Female Sparrowhawks are sometimes claimed as Goshawk, either dashing over a tree top height, or particularly high flying birds where size is difficult to judge. Goshawks in the UK are from the northern race, so females are at least Buzzard size or usually bigger and males larger than female Sparrowhawks, and about three times as heavy. Goshawk is not simply a big Sparrowhawk. It is a different shape, a large, powerful deep chested raptor. Wing tips are very pointed, has a s shaped curve to the back of the wing, protruding head with thick based ( so not straight,) tail and rounded tip. Pattern of the head and breast, as well as barring of tails and wings is also different. Adults perched in trees sit upright.

Your observer who mentioned them near Teggs Nose is correct. They bred near Macclesfield Forest for a while 10+ years ago, but then disappeared, and have recently returned over the last 4 years. The nearest other pairs to this area are near Helsby/ Peckforton area, so the likelihood or a random overflying sighting , especially at this time of year is extremely unlikely. The current female of the Macc Forest pair is huge. Fledged young have been noted by the foresters in autumn. These juvenile birds do disperse, (August to October) but Goshawk is not a urban bird, they do not hunt gardens or lowland open field systems (in the UK anyway), preferring dense tracts of thick woodlands, especially coniferous forests, so any dispersal is down along the eastern hill ridges into Derbyshire or Staffordshire. One other point, Goshawks are rarely mobbed when circling in the air, no avian species would be that cavalier, I have even witnessed Ravens hiding up against stone walls on the ground when a female Goshawk flap, flap, glides with deep wing beats up overhead, they really are that powerful.

Hugh Pulsford
Cheshire and Wirral County Bird Recorder
Cheshire and Wirral Ornithological Society ( CAWOS) www.cawos.org
Secretary National Association of County Recorders and Editors (ACRE)


14/04/2020...... Lockdown listers are coming up with some good stuff!
So far no less than 32 people have sent me emails with details of their sightings obtained locally. Currently I'm combining them into a single email which is sent out to interested parties every evening. Eventually though, when the rush of Spring migrants begins to wind down, I'll perhaps compile them every other day or even longer. I'll play it by ear!
The format is evolving as we go along but, in the main, I just cut and paste reports and do a little spelling correction (I don't think everyone uses a spell checker, in fact I'm certain they don't !!)
The compilation is then converted to HTML and placed on the KOS's website - click here.

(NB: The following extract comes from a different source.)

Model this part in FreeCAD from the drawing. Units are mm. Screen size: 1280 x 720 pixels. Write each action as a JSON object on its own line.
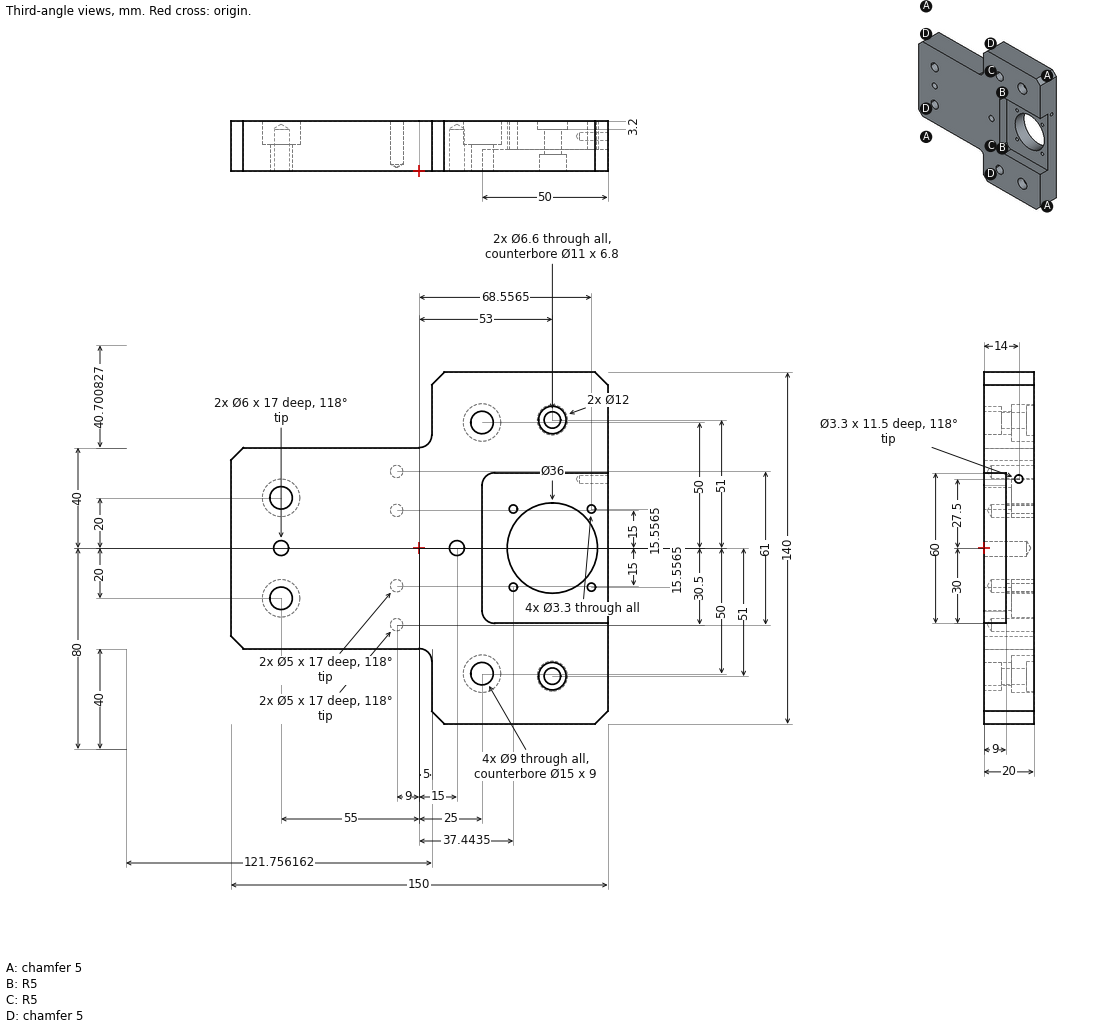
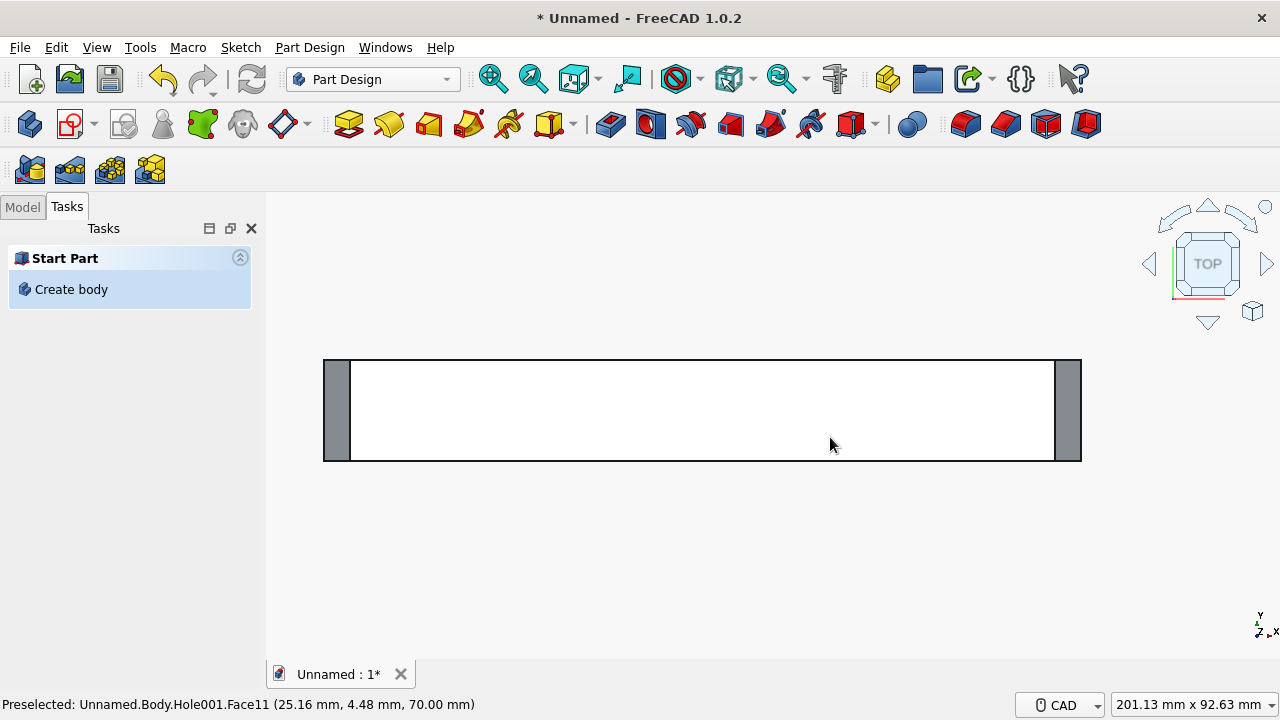
{"action": "left_click", "coordinate": [494, 80]}
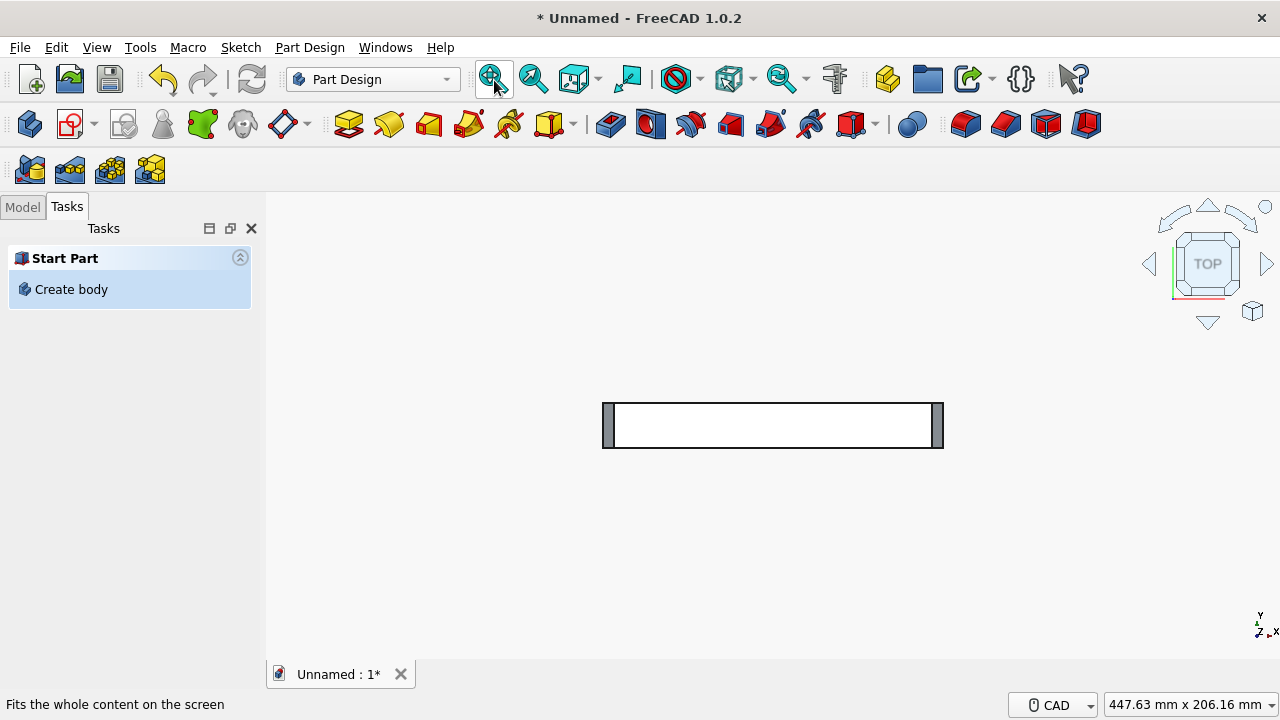
{"action": "key", "text": "0"}

For those uncertain about their local public footpaths click on this link it takes you to the definitive map of all East Cheshire's paths. Zoom in to your own patch and there they are. Zooming in further reveals details of individual fields and small ponds. The example shown shows a small area around the Fox Harbour area of Mobberley, including the famous "magic pool"!

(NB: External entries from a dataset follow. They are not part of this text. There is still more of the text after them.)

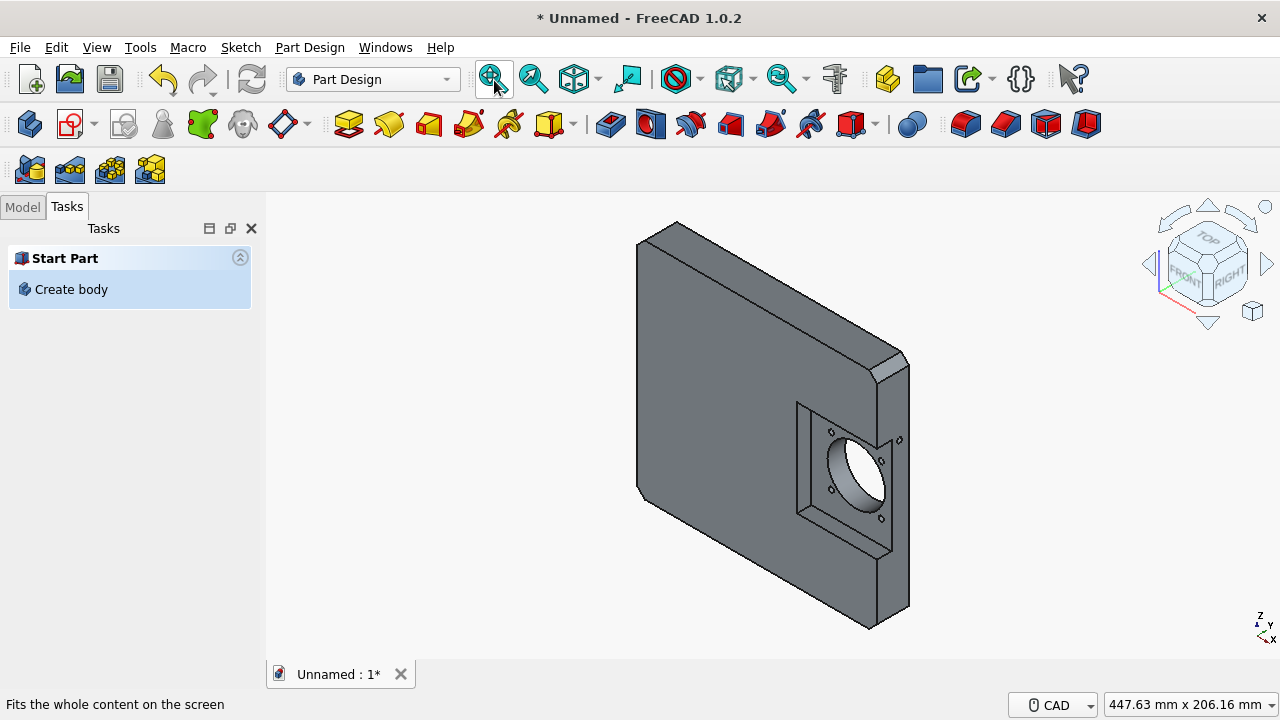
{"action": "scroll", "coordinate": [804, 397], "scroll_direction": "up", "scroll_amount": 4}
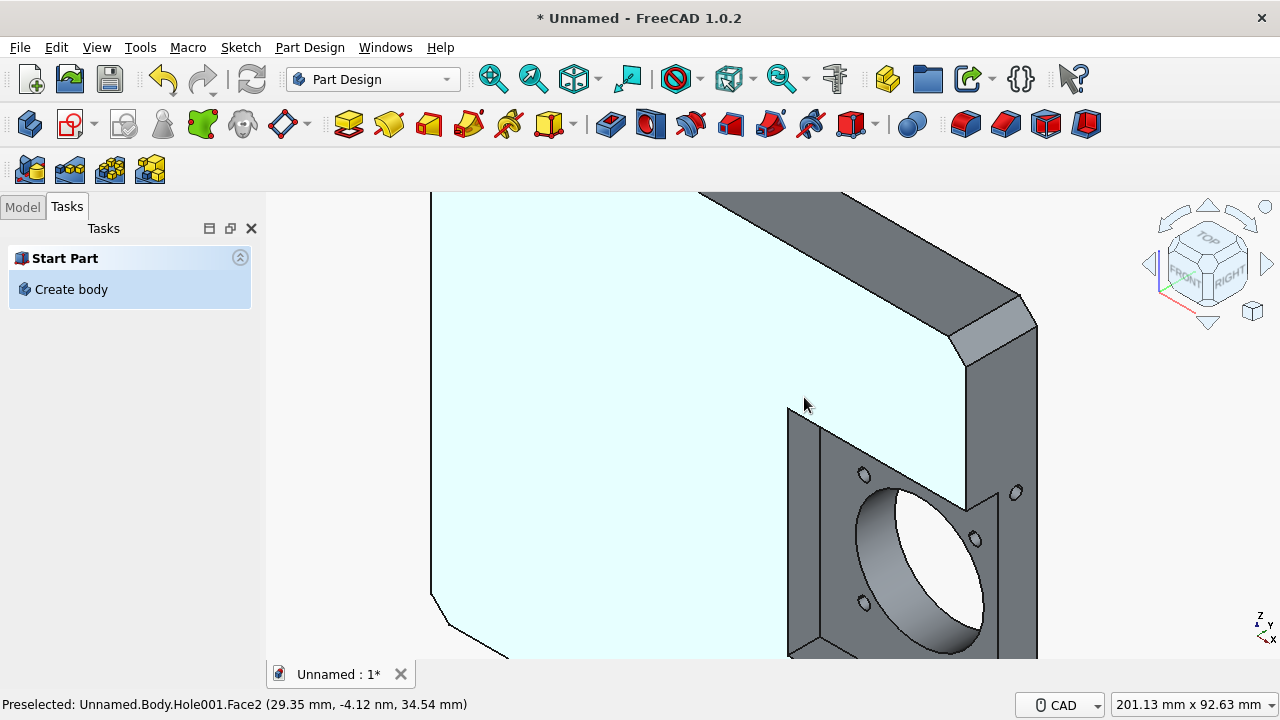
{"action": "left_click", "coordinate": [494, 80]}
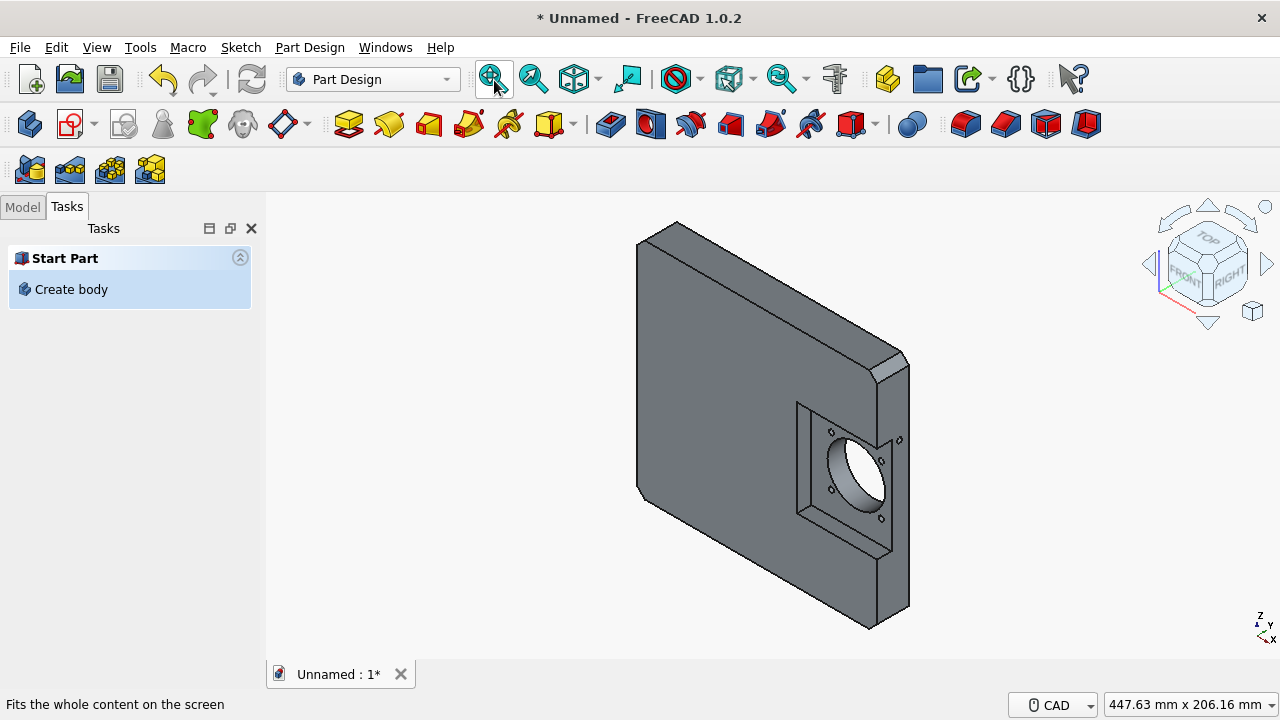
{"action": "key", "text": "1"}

When this is all over (how many times are we hearing this at the moment?) we'll assemble a list of all the species seen by observers who are presently covering this patchwork of small areas in their immediate locality without the use of motorised transport. It's a unique situation, hopefully not one we'll ever experience again but peoples' records shouldn't be lost.

The last of our Winter friends have now left for the north and are being replaced by Summer visitors. So far correspondents have recorded - Chiffchaff, Sand Martin, Swallow, House Martin, Willow Warbler, Blackcap, Garden Warbler, Reed Warbler, Yellow Wagtail, White Wagtail, Little Ringed Plover, Osprey, Wheatear, Redstart, Common Sandpiper, Grasshopper Warbler and Reed Warbler.

So we've plenty of the regulars to arrive and perhaps one or two surprises, like the White-tailed Eagle that was photographed yesterday overflying Macclesfield!

The latest update from Burton Mere Wetlands, sent to me by Sheila Blamire, makes interesting reading.

Avocets had built up to an impressive 112 at Burton Mere Wetlands by the 16th. I don't know how many heron species are attempting to breed there but we have two Cattle Egrets, two Spoonbills and probably well over 10 Great Egrets on the estuary, as well as a few hundred Little Egrets. Four Bearded Tits have been showing well at the reserve. During the high spring tide of the 12th, when the sea covered the marsh, many birds flew to BWM and the list of highlights for that day is pretty impressive: 4,000+ Redshank, 5 Spotted Redshank, 62 Avocet, 220 Black-tailed Godwit, 40 Golden Plover, 10,000+ Pink-footed Geese, 2 Mediterranean Gull, 21 Grey Heron, 8 Great Egret, 3 Marsh Harrier and 75 Shoveler.

But who needs that lot when you've got your own little local patch - stay safe team, it'll be over soon!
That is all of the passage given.